One of the few advantages of age, I find saga, is the perspective it provides to be able to talk about "these times". Just wish there was not so much damned hindsight involved, eh?Laughing

OH ya! Wink

And time for pure speculation about what the younger are up to these days with all their energy, without using much of mine.Cool

 

George Victor

"You are begining to sound like Kubrik's Jack D. Ripper... "our biological fecundity." OBF is that the three digit prefix for the recall code?"

------------------------------------------------------------

 

Never saw Clockwork Orange, Cue. It was about that time that violence at the flicks was becoming a bit too gratuitous.

 

I know that some get off on that.

George Victor

You don't think the downturn and losses this past winter will not cause some re-thinking? The investments of governments in the finance sector, the talk of the end of capitalism as we know it....none of that gives you hope?

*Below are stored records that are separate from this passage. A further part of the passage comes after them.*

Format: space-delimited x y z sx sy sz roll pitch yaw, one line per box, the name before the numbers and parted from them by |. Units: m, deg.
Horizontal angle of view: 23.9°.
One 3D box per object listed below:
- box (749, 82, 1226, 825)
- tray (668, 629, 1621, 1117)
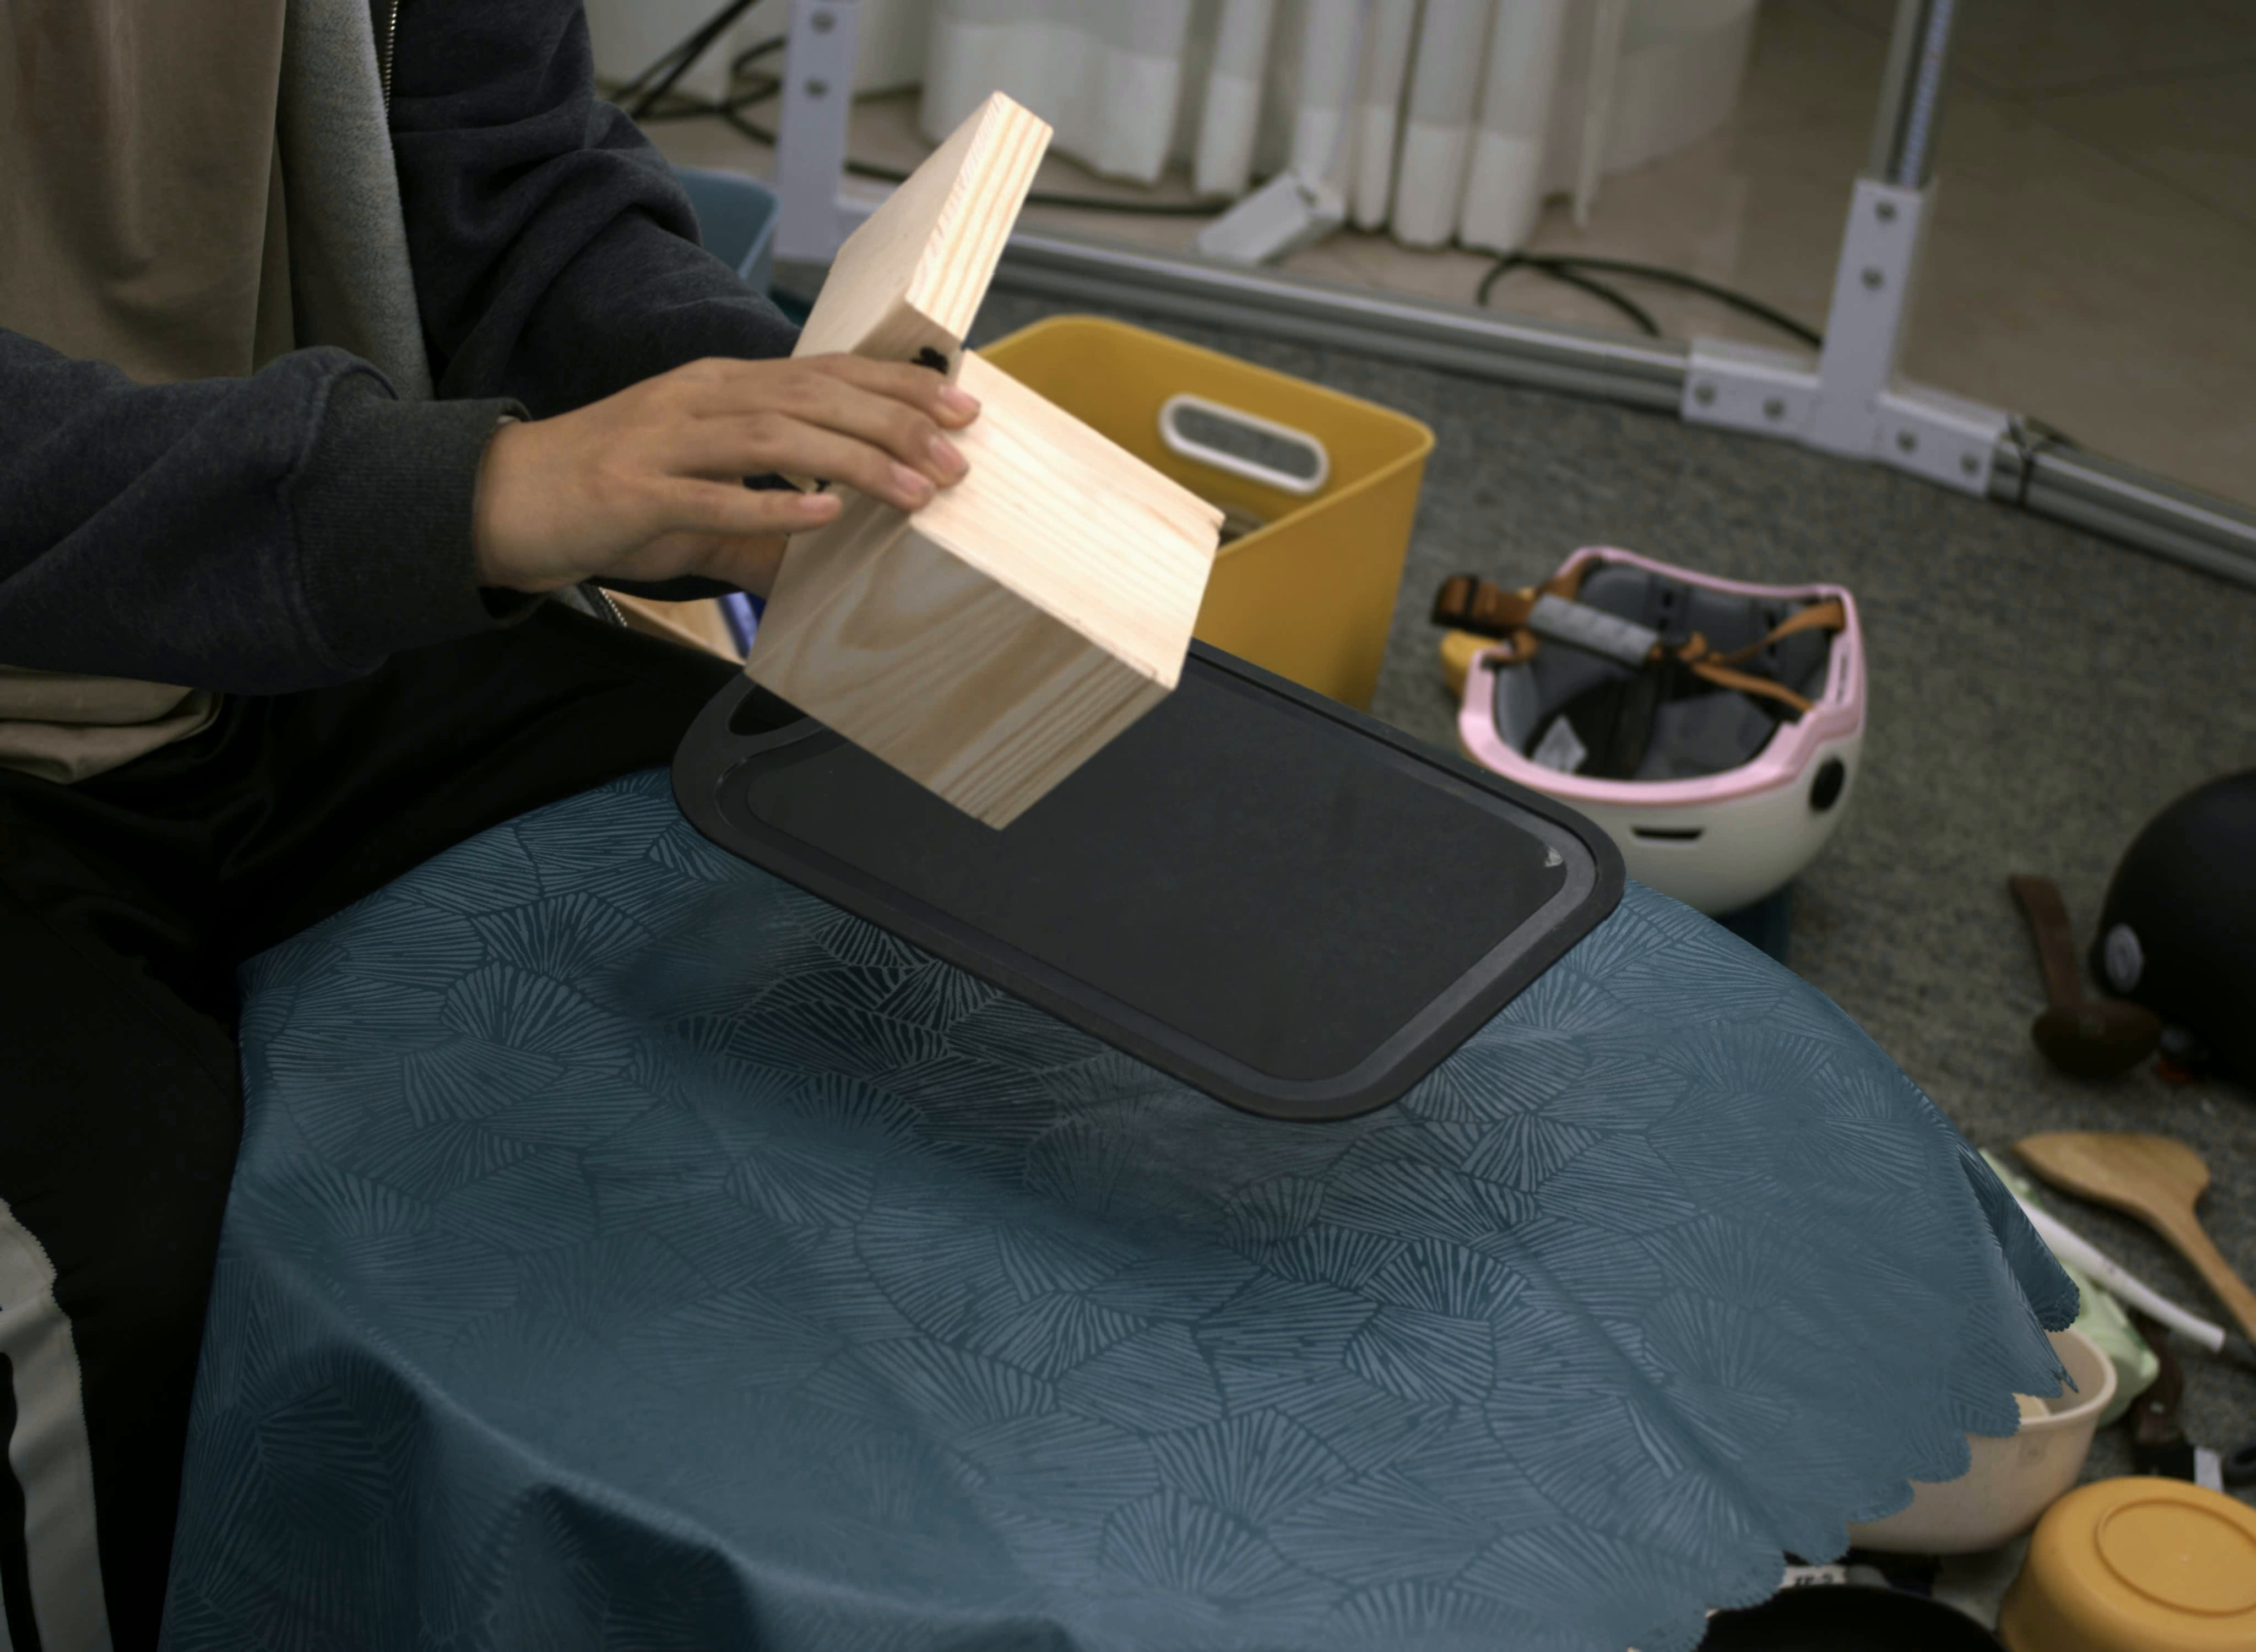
box | -0.040 -0.119 1.704 0.133 0.102 0.185 31 50 -18
tray | -0.003 -0.004 1.865 0.327 0.010 0.211 26 43 29

Jesus, FM, I was writing pieces in the local media 5 years ago - and continue to do so - saying that the dizzy bastards are destroying their kids futures.  They just take it. No feedback, reaction.   IN fct when I played a part in the goddam Green Party in this province in 83 I had the same damn message.

But didn't you leave out something in your litany of solitary  woe?  The high price of hemlock?

Tommy_Paine

That was from "Dr. Strangelove",  George.  It doesn't have the graphic violence of "A Clockwork Orange",  centering instead on a more sanguine nuclear obliteration of the world.

Like I said way, way up there, there's little point in the kinds of violence Rebick was talking about, in fact it's counter productive.  I'd rather the protestors had confronted police with placards illustrating what the bankers have done to the investments of police officers, and their pensions.

The bankers, probably not smart enough to ensure the economic security of their bulldogs, would have shit bricks.  The turning point of any revolution is when the police and military changes sides. They are not to be fought, but wooed.

I must part, I think, with the philosophy of my name sake, and take up the example of his friend and mentor Benjamin Franklin, who did not take up the armed revolutionary cause untill he saw for himself every peacefull avenue closed.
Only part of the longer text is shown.